I’ve consulted for firms that spent millions on "Red Teaming"—essentially hiring people to try and break the AI. The goal isn't just to stop bad words; it's to create a sanitized version of reality. But reality isn't sanitized. If we train our AI to believe the world is a playground of sunshine and rainbows, the AI becomes useless for solving real-world problems. We are trading utility for a false sense of security.
The Proxy War on Parenting
Let’s be brutally honest: these lawsuits are often a proxy for the failure of traditional institutions. When a tragedy happens in a school, there is a systemic failure of mental health services, campus security, and parental oversight. But those entities are hard to sue. They have sovereign immunity, or they have no money.
OpenAI has billions.
The strategy is clear: find the deepest pockets and link them to the tragedy via the most modern "villain" available. It’s a classic pivot. We ignore the 99 factors that led to a person’s mental breakdown and focus on the 100th factor—the tool they used to research their dark thoughts.
If we follow this logic to its conclusion, every search engine, every social media platform, and every ISP is liable for the content of the human mind. It is an impossible standard.
The Math of Human Error
People ask: "Can't they just program it to not talk about shootings?"
Sure. You can hard-code "blacklists." But language is fluid. If I can't ask about a "shooting," I'll ask about a "kinetic event involving lead projectiles in an academic setting." The cat-and-mouse game never ends.
The "Lazy Consensus" says that AI companies should be responsible for everything their product outputs. The "Nuanced Truth" is that we have never held any other communication tool to that standard. We don't sue Xerox when someone photocopies a ransom note. We don't sue Smith-Corona when a manifesto is typed on their machines.

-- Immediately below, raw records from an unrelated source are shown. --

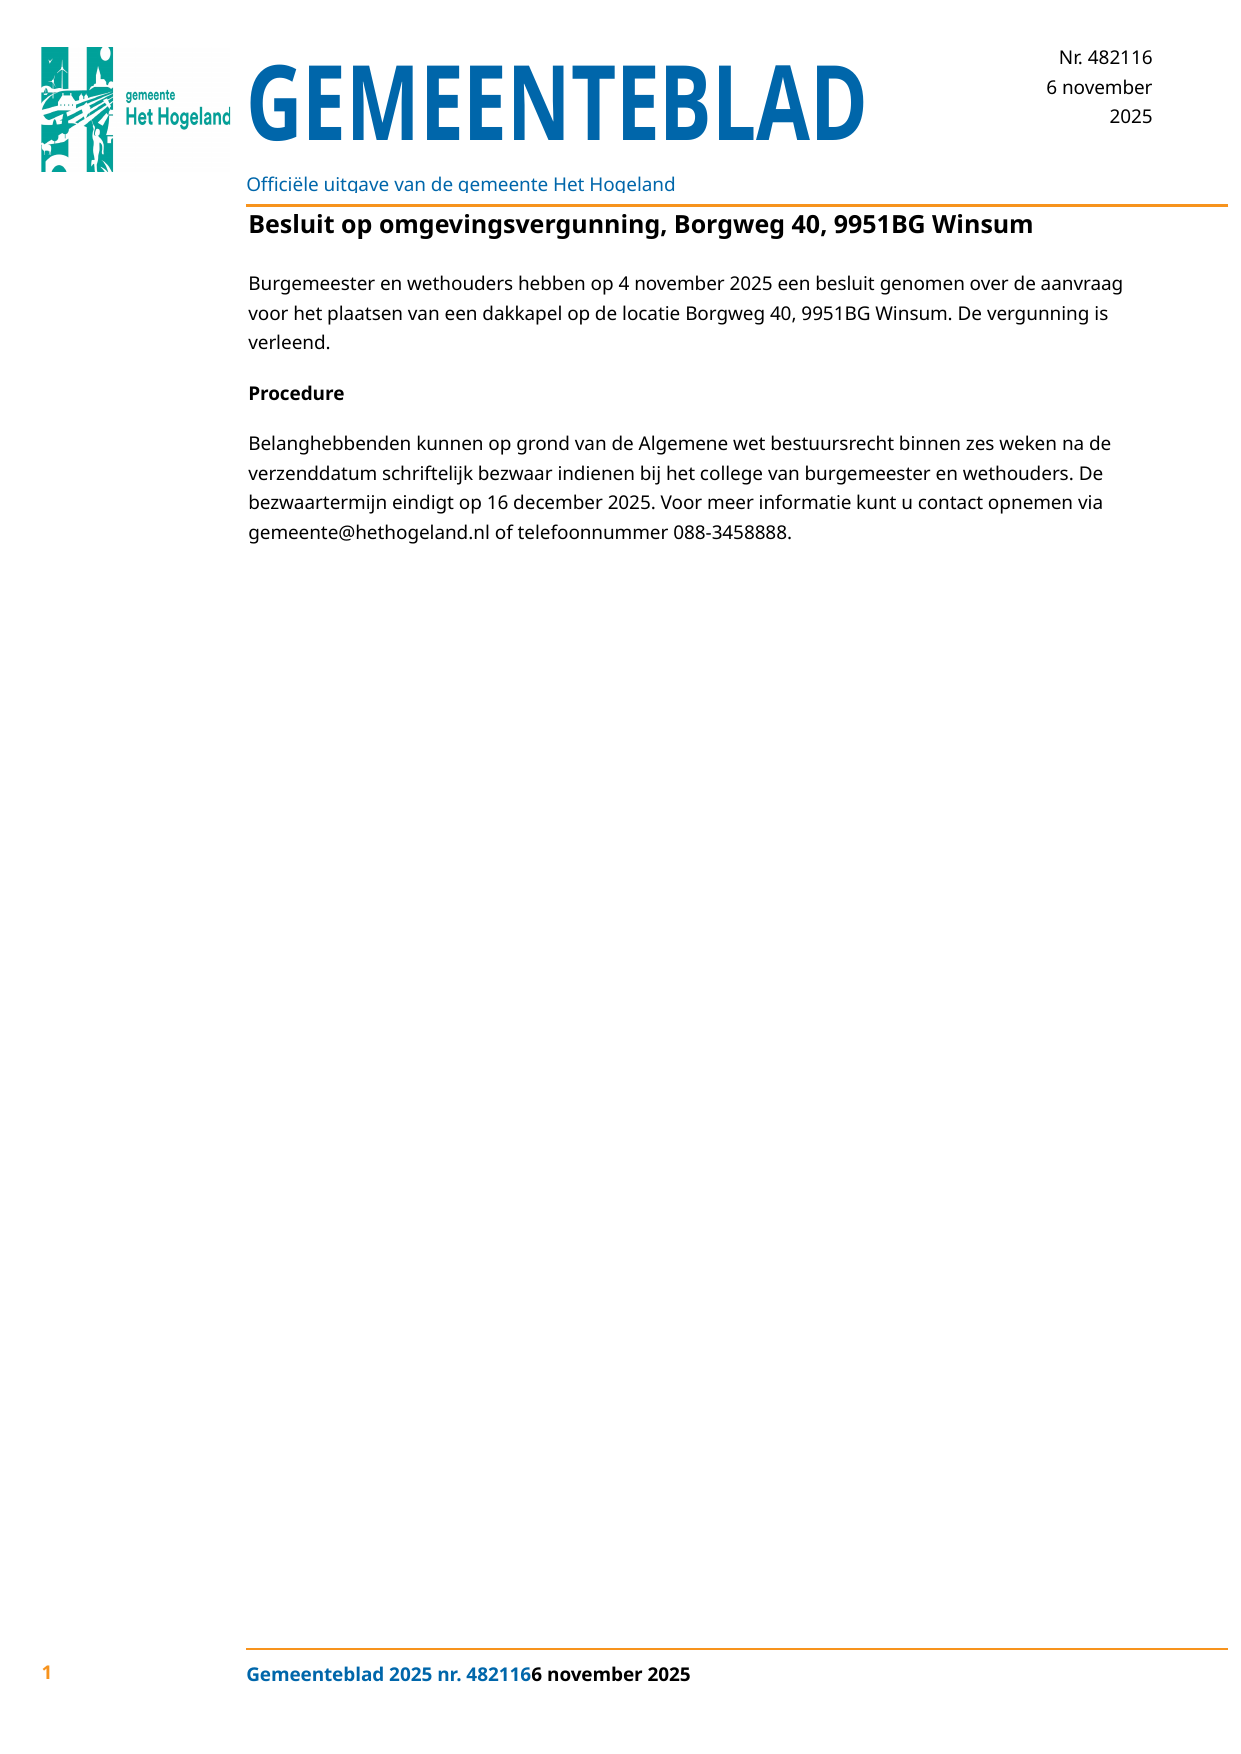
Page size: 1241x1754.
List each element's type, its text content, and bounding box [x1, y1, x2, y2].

text Belanghebbenden kunnen op grond van de Algemene wet bestuursrecht binnen zes weken na de verzenddatum schriftelijk bezwaar indienen bij het college van burgemeester en wethouders. De bezwaartermijn eindigt op 16 december 2025. Voor meer informatie kunt u contact opnemen via gemeente@hethogeland.nl of telefoonnummer 088-3458888. [248, 430, 1152, 545]
text Burgemeester en wethouders hebben op 4 november 2025 een besluit genomen over de aanvraag voor het plaatsen van een dakkapel op de locatie Borgweg 40, 9951BG Winsum. De vergunning is verleend. [248, 270, 1152, 355]
picture [41, 47, 231, 172]
text Procedure [248, 380, 1152, 406]
text Besluit op omgevingsvergunning, Borgweg 40, 9951BG Winsum [248, 207, 1152, 241]
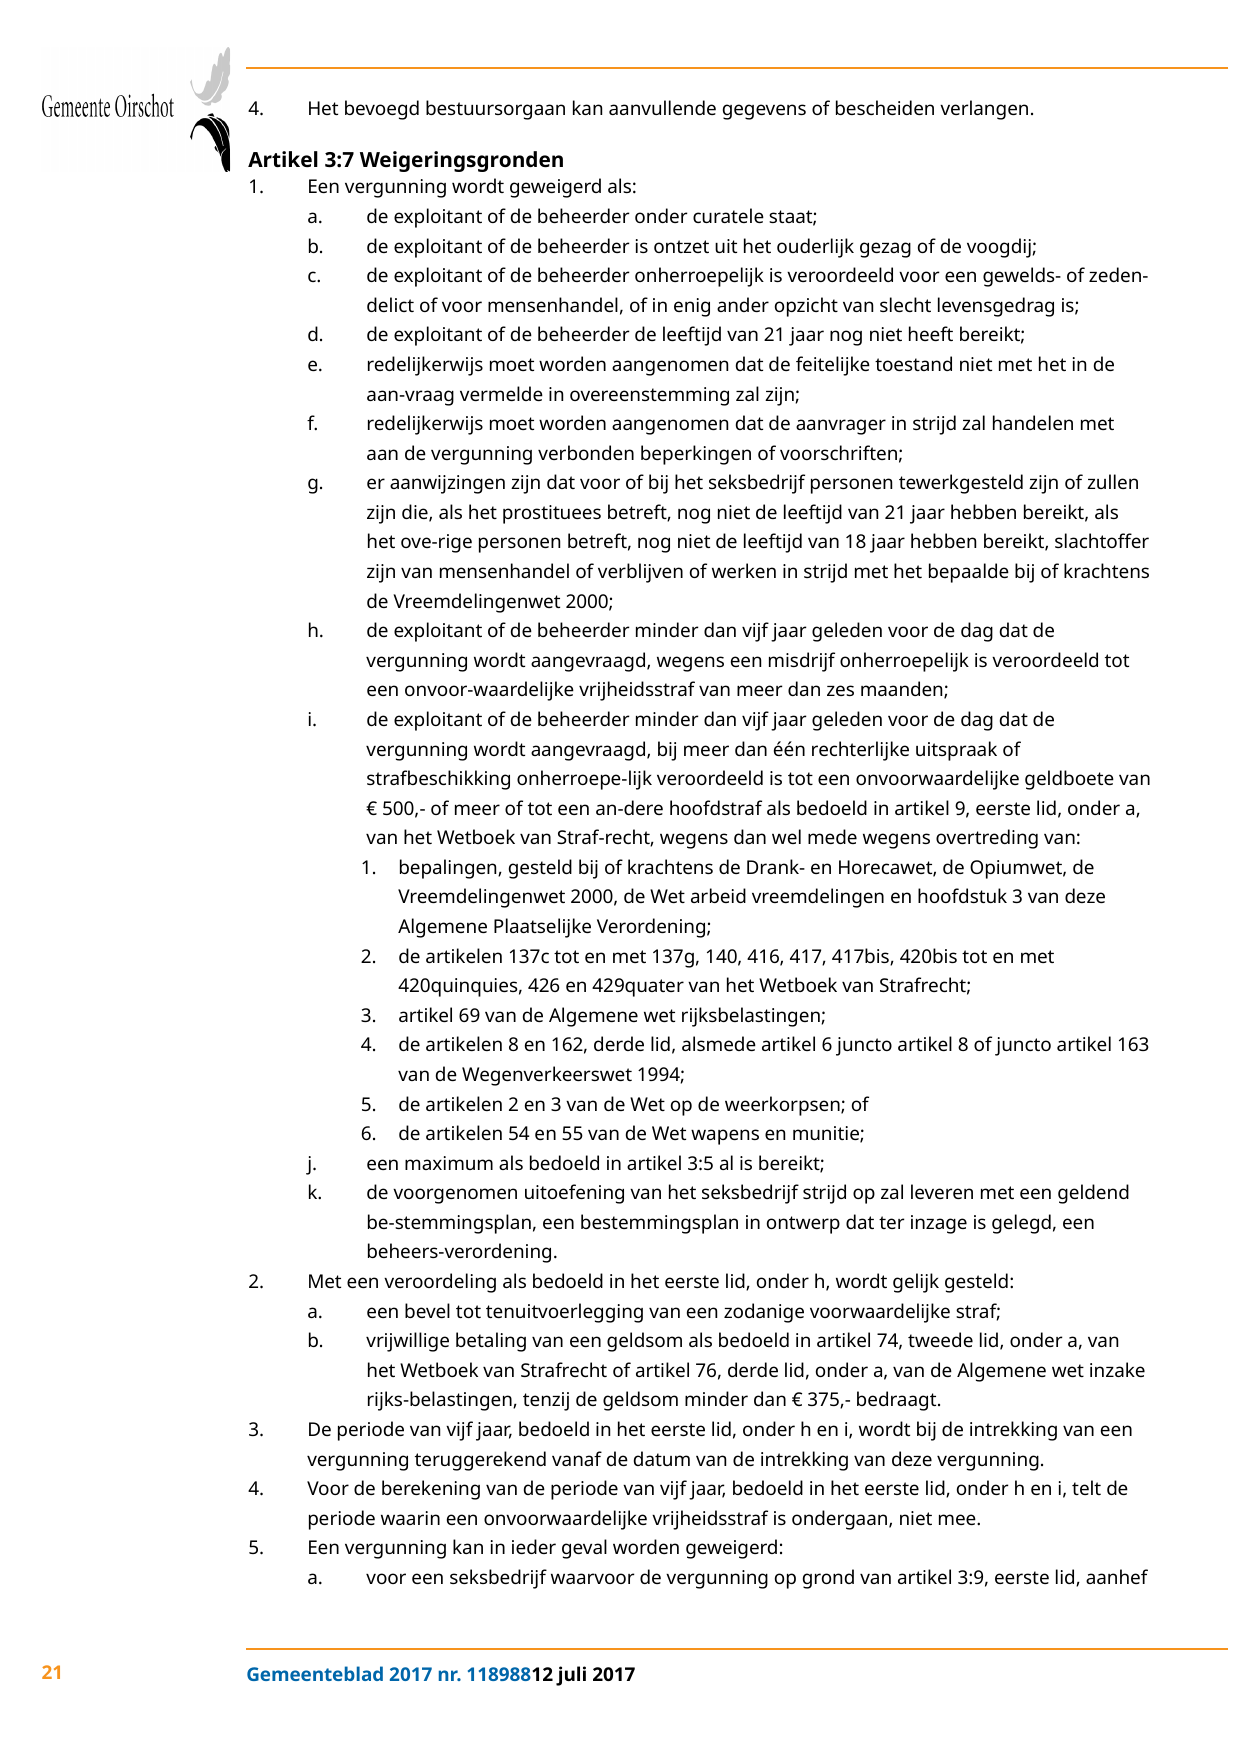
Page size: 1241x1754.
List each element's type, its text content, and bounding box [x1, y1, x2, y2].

list voor een seksbedrijf waarvoor de vergunning op grond van artikel 3:9, eerste lid, aanhef [307, 1564, 1152, 1590]
picture [41, 47, 231, 172]
list Met een veroordeling als bedoeld in het eerste lid, onder h, wordt gelijk gesteld: [248, 1268, 1152, 1294]
list Een vergunning kan in ieder geval worden geweigerd: [248, 1534, 1152, 1560]
list de exploitant of de beheerder onherroepelijk is veroordeeld voor een gewelds- of zeden-delict of voor mensenhandel, of in enig ander opzicht van slecht levensgedrag is; [307, 262, 1152, 318]
list de artikelen 137c tot en met 137g, 140, 416, 417, 417bis, 420bis tot en met 420quinquies, 426 en 429quater van het Wetboek van Strafrecht; [361, 943, 1152, 998]
list een maximum als bedoeld in artikel 3:5 al is bereikt; [307, 1150, 1152, 1176]
list er aanwijzingen zijn dat voor of bij het seksbedrijf personen tewerkgesteld zijn of zullen zijn die, als het prostituees betreft, nog niet de leeftijd van 21 jaar hebben bereikt, als het ove-rige personen betreft, nog niet de leeftijd van 18 jaar hebben bereikt, slachtoffer zijn van mensenhandel of verblijven of werken in strijd met het bepaalde bij of krachtens de Vreemdelingenwet 2000; [307, 469, 1152, 613]
list vrijwillige betaling van een geldsom als bedoeld in artikel 74, tweede lid, onder a, van het Wetboek van Strafrecht of artikel 76, derde lid, onder a, van de Algemene wet inzake rijks-belastingen, tenzij de geldsom minder dan € 375,- bedraagt. [307, 1327, 1152, 1412]
list Voor de berekening van de periode van vijf jaar, bedoeld in het eerste lid, onder h en i, telt de periode waarin een onvoorwaardelijke vrijheidsstraf is ondergaan, niet mee. [248, 1475, 1152, 1531]
list de exploitant of de beheerder is ontzet uit het ouderlijk gezag of de voogdij; [307, 233, 1152, 258]
list een bevel tot tenuitvoerlegging van een zodanige voorwaardelijke straf; [307, 1298, 1152, 1323]
list de artikelen 2 en 3 van de Wet op de weerkorpsen; of [361, 1091, 1152, 1116]
list de artikelen 8 en 162, derde lid, alsmede artikel 6 juncto artikel 8 of juncto artikel 163 van de Wegenverkeerswet 1994; [361, 1032, 1152, 1087]
list de exploitant of de beheerder minder dan vijf jaar geleden voor de dag dat de vergunning wordt aangevraagd, bij meer dan één rechterlijke uitspraak of strafbeschikking onherroepe-lijk veroordeeld is tot een onvoorwaardelijke geldboete van € 500,- of meer of tot een an-dere hoofdstraf als bedoeld in artikel 9, eerste lid, onder a, van het Wetboek van Straf-recht, wegens dan wel mede wegens overtreding van: [307, 706, 1152, 850]
text Artikel 3:7 Weigeringsgronden [248, 145, 1152, 174]
list bepalingen, gesteld bij of krachtens de Drank- en Horecawet, de Opiumwet, de Vreemdelingenwet 2000, de Wet arbeid vreemdelingen en hoofdstuk 3 van deze Algemene Plaatselijke Verordening; [361, 854, 1152, 939]
list de artikelen 54 en 55 van de Wet wapens en munitie; [361, 1120, 1152, 1146]
list redelijkerwijs moet worden aangenomen dat de feitelijke toestand niet met het in de aan-vraag vermelde in overeenstemming zal zijn; [307, 351, 1152, 406]
list artikel 69 van de Algemene wet rijksbelastingen; [361, 1002, 1152, 1028]
list de voorgenomen uitoefening van het seksbedrijf strijd op zal leveren met een geldend be-stemmingsplan, een bestemmingsplan in ontwerp dat ter inzage is gelegd, een beheers-verordening. [307, 1179, 1152, 1264]
list de exploitant of de beheerder de leeftijd van 21 jaar nog niet heeft bereikt; [307, 322, 1152, 347]
list Het bevoegd bestuursorgaan kan aanvullende gegevens of bescheiden verlangen. [248, 95, 1152, 121]
list de exploitant of de beheerder minder dan vijf jaar geleden voor de dag dat de vergunning wordt aangevraagd, wegens een misdrijf onherroepelijk is veroordeeld tot een onvoor-waardelijke vrijheidsstraf van meer dan zes maanden; [307, 617, 1152, 702]
list Een vergunning wordt geweigerd als: [248, 174, 1152, 199]
list de exploitant of de beheerder onder curatele staat; [307, 203, 1152, 229]
list De periode van vijf jaar, bedoeld in het eerste lid, onder h en i, wordt bij de intrekking van een vergunning teruggerekend vanaf de datum van de intrekking van deze vergunning. [248, 1416, 1152, 1471]
list redelijkerwijs moet worden aangenomen dat de aanvrager in strijd zal handelen met aan de vergunning verbonden beperkingen of voorschriften; [307, 410, 1152, 466]

The difference here is the "generative" nature of the tech. Because the AI assembles the words, we blame the assembler. But the blocks it uses are ours. The blueprints it follows are based on our collective history.
The Actionable Reality
If you want to protect children, or society at large, from the "dangers" of AI knowledge, the answer isn't a courtroom. It's a fundamental shift in how we teach information literacy.
- Stop treating AI as an Oracle. It’s a calculator for words. Teach users that the output is a statistical probability, not a moral truth.
- Demand transparency, not censorship. We should know what data models are trained on, but we shouldn't demand that the data be wiped of anything "unpleasant."
- Focus on the actor, not the tool. Violence is a human problem. It existed long before GPT-1, and it will exist long after GPT-10.
The Canadian lawsuit will likely fail on the merits of Section 230-style protections or their international equivalents, but the damage to the discourse is already done. It reinforces the idea that we are victims of our tools rather than masters of them.
Stop looking for a "delete" button for history. Stop trying to sue the database for containing the truth of our own failings. The problem isn't that the AI knows too much; it's that we are too eager to blame the messenger for the message we wrote ourselves.
Take the money you're spending on lawyers and put it into a counselor's office. That's where the real "knowledge" of the attack began.